Ecto-5′-nucleotidase (CD73, e-5NT) is a membrane-bound enzyme, which catalyzes the conversion of adenosine monophosphate to adenosine.1 A number of findings suggest that CD73 might be of importance in various types of cancer.2–6 Adenosine has cytoprotective and immunosuppressive activity. It is essential for cell proliferation and has been found to accumulate in cancer cells at high concentrations. Adenosine is also known to stimulate angiogenesis and tumor growth.7,8 Nevertheless, there are studies on adenosine metabolism, which show that activated adenosine receptors may in fact inhibit cell proliferation.9–11

Numerous in vitro studies have investigated the role of CD73 in different human cancer cell lines. Experiments performed on T-47D breast cancer cell line transfected with pcDNA-NT5E plasmid (resulting in CD73 overexpression) showed that high levels of e-5NT promoted migration, invasion, and cell adhesion to extracellular matrix. Furthermore, a CD73 inhibitor, α,ß-methylene ADP (APCP), has been demonstrated to decrease the mobility of MB-MDA-231 breast cancer cell line that expressed CD73 at a high level.2 Analysis of e-5NT expression regulation in breast cancer cell lines differing in invasive and metastatic potential and estrogen receptor (ER) status showed that ER-negative cells—commonly considered more aggressive—were characterized by higher CD73 expression on both protein and mRNA levels.3 Studies conducted on cell lines derived from different stages of melanoma proved a positive correlation between e-5NT expression and the stage of the tumor from which cell line originated.4 Bavaresco et al5 have found that treatment with APCP resulted in a significant decrease of proliferation in human U138MG glioma cell line, whereas the addition of adenosine induced the cell growth, suggesting a vital role of CD73 in cell division.
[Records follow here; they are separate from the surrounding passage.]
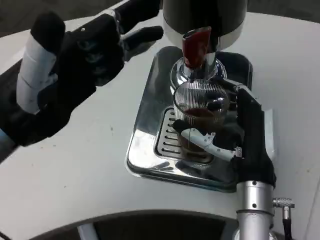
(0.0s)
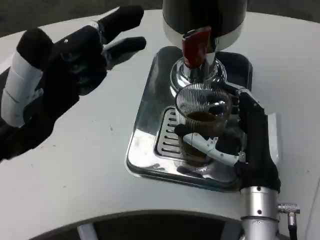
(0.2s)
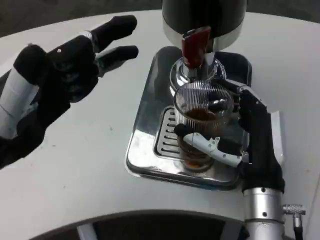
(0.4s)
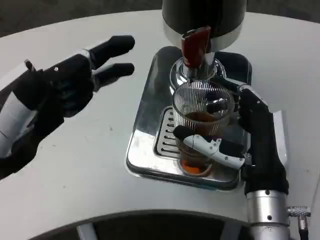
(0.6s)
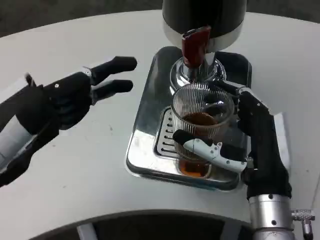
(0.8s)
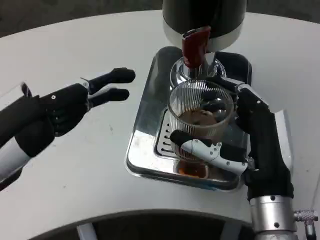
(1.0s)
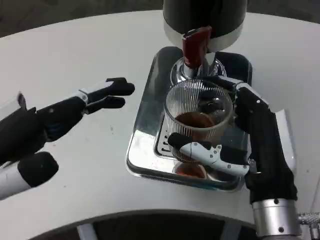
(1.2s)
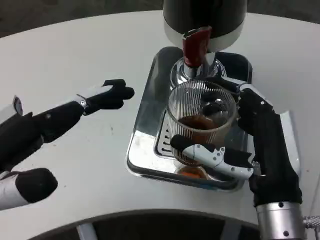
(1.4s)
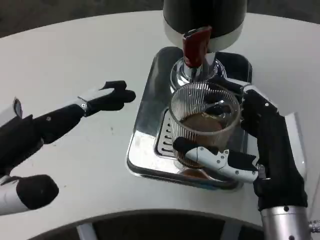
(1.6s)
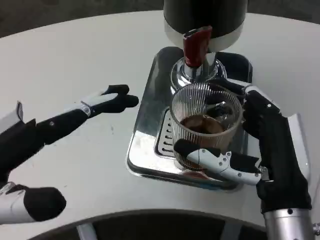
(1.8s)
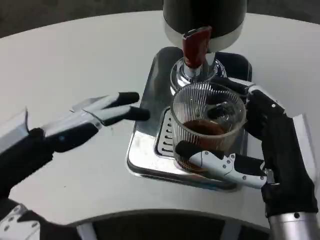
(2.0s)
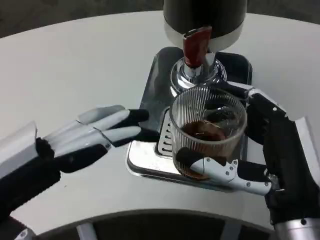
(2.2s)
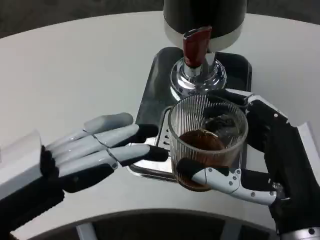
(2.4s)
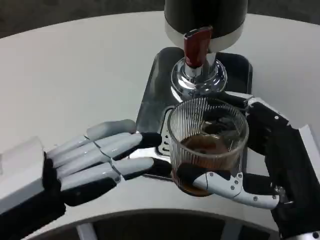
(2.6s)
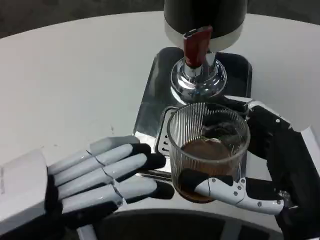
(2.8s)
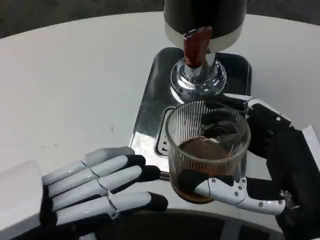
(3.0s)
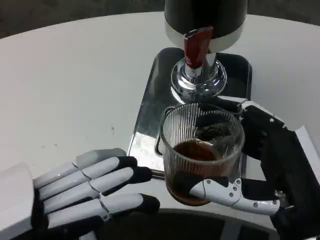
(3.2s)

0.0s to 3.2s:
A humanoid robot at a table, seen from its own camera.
Task of the whole recording: Grasp the cup under the faucet to collect the drink, then remove the cup.
0.0s to 1.6s: Both hands move backward, some 5 cm.
1.6s to 3.2s: The right hand shifts about 5 cm backward.

Studies on human bladder cancer cell lines, RT4 (grade 1) and T24 (grade 3), showed that both lines expressed CD73 mRNA.6

A number of studies show that activated adenosine receptors do not necessarily have to stimulate cell proliferation, they can also inhibit it.7,9–11 Kulkarni et al9 demonstrated that RNA and protein synthesis in neuronal cells was inhibited by adenosine. Furthermore, subsequent experiments performed on human gastric cancer cells proved that adenosine promoted apoptosis.10 Similar results were also obtained when studying adenosine role in EL-4 thymoma cells.11

Until now experiments concerning CD73 expression have primarily been performed in vitro. No studies examined the importance of CD73 expression in actual tissue samples, collected from a representative and appropriately large cohort of patients. Herby study aimed at investigation of CD73 expression and its significance in terms of becoming a potential molecular marker. This study demonstrates for the first time that elevated CD73 expression in breast cancer may in fact predict a good prognosis.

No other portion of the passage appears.